Where a line in the records below includes "degrees", pull that line out.
════════════════
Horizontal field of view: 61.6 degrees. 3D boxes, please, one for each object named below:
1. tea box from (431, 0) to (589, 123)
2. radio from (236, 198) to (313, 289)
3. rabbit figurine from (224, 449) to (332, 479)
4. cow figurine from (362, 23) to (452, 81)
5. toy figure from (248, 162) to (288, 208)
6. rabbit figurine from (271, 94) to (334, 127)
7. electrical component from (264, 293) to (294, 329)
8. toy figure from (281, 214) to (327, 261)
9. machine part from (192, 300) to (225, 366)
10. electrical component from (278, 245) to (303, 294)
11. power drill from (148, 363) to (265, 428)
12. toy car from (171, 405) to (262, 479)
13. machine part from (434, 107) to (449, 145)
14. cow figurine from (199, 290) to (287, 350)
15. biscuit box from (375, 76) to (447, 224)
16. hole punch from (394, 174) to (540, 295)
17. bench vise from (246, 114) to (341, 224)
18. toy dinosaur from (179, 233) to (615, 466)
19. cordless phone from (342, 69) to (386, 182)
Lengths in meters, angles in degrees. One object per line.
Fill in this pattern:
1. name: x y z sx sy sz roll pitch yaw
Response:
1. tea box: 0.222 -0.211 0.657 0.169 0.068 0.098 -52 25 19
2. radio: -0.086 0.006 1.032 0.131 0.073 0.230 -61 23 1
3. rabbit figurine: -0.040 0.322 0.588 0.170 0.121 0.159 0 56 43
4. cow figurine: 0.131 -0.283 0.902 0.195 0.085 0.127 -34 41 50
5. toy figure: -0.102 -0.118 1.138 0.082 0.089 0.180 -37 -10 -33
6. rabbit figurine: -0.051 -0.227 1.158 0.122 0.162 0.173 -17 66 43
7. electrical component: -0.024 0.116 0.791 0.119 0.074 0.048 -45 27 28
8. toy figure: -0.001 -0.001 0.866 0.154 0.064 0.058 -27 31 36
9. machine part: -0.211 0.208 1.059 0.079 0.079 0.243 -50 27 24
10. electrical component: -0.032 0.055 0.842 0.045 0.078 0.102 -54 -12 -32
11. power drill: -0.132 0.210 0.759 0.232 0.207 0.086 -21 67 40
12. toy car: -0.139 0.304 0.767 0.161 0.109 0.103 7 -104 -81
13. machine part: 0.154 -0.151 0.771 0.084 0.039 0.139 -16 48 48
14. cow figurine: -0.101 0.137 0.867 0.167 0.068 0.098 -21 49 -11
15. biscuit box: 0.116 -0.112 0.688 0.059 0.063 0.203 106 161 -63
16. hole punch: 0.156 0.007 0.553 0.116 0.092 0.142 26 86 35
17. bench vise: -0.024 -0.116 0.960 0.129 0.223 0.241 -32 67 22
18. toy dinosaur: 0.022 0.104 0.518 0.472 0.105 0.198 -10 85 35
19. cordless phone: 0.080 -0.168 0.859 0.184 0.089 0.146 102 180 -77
════════════════
● EXERCISE RESULT
Horizontal field of view: 61.6 degrees. 3D boxes, please, one for each object named below:
Lengths in meters, angles in degrees. One object per line.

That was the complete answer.